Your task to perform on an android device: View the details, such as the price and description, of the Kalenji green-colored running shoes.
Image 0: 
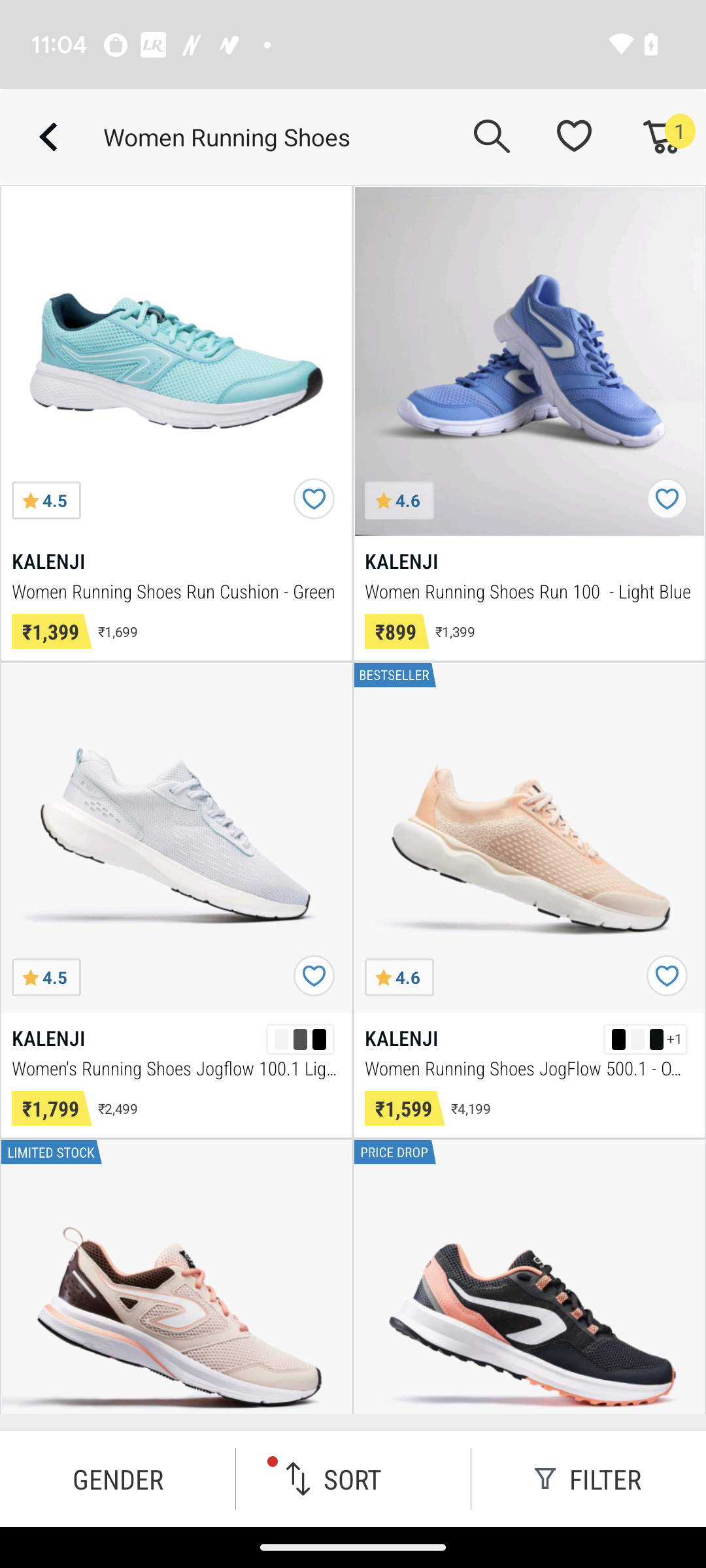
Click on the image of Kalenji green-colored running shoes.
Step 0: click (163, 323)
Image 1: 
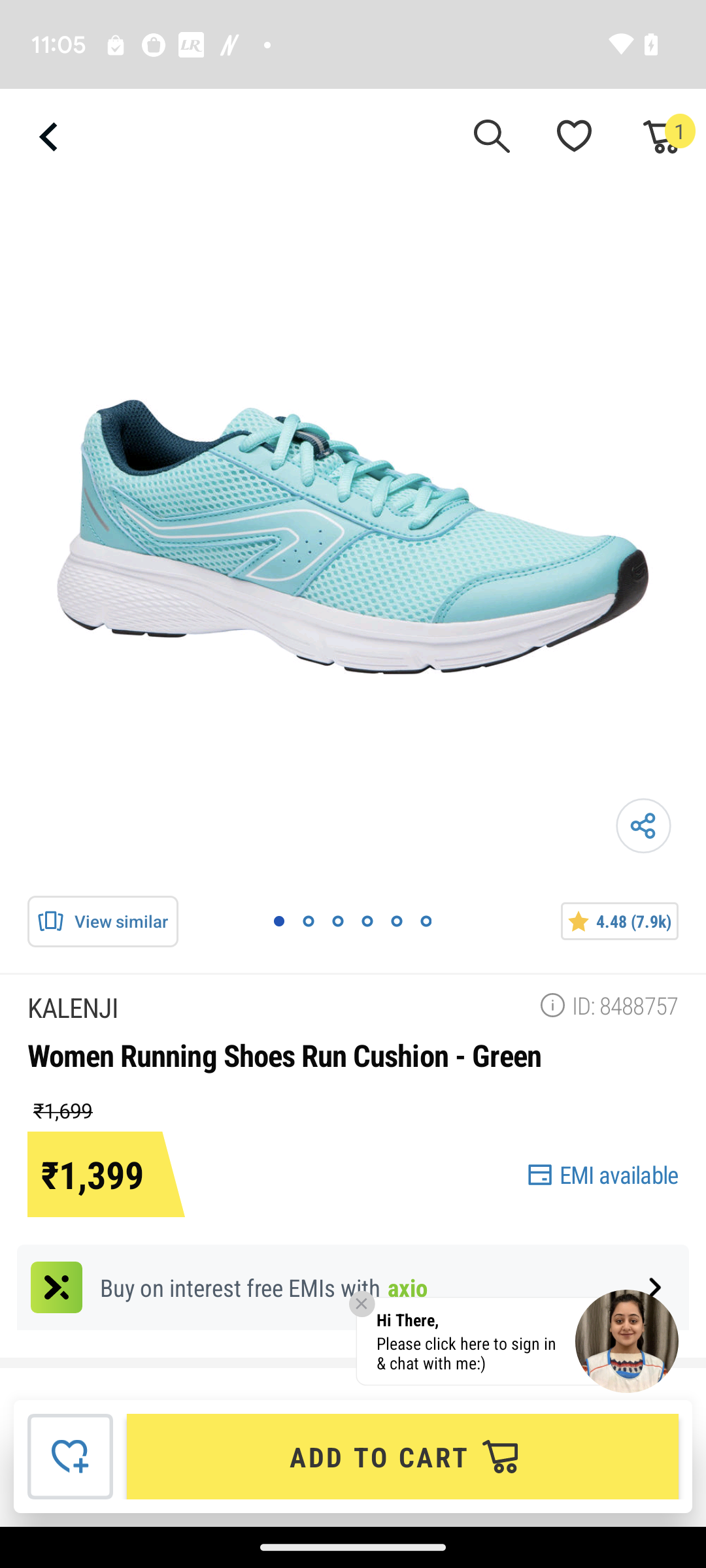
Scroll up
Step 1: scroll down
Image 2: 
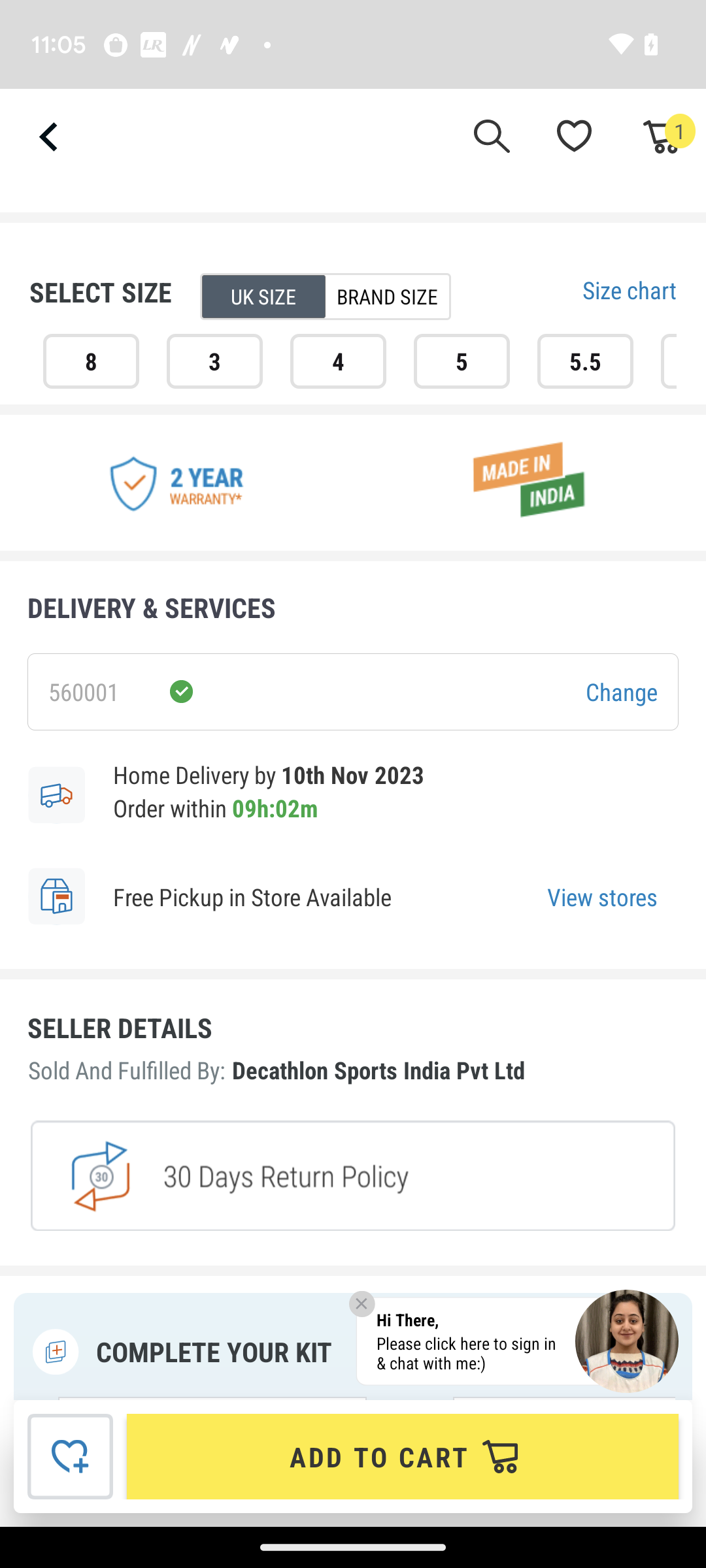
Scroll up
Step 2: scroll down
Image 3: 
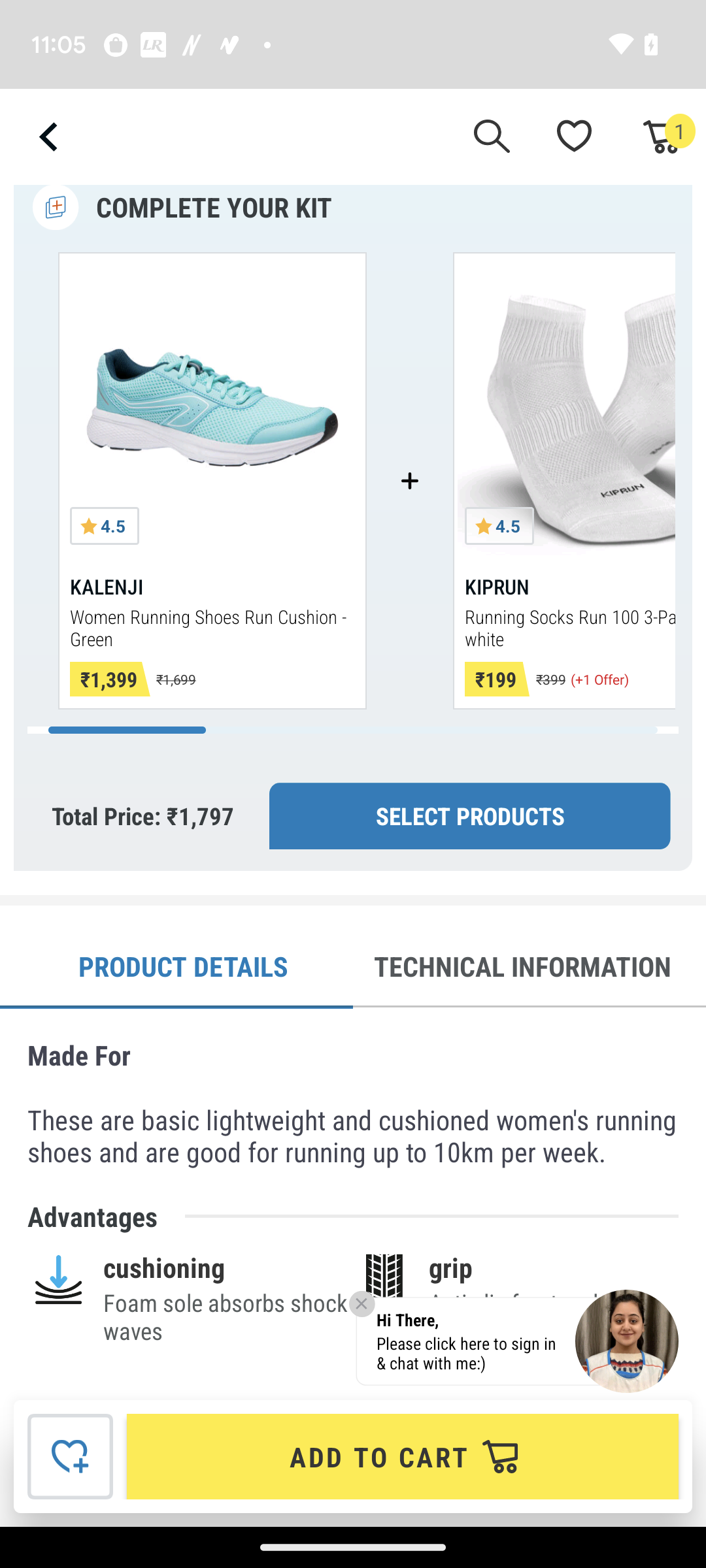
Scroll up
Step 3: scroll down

__Task statement__
Would you write out every record word for word, leaving no picture in?

__Answer below__
Your task to perform on an android device: View the details, such as the price and description, of the Kalenji green-colored running shoes.
Image 0: 
Click on the image of Kalenji green-colored running shoes.
Step 0: click (163, 323)
Image 1: 
Scroll up
Step 1: scroll down
Image 2: 
Scroll up
Step 2: scroll down
Image 3: 
Scroll up
Step 3: scroll down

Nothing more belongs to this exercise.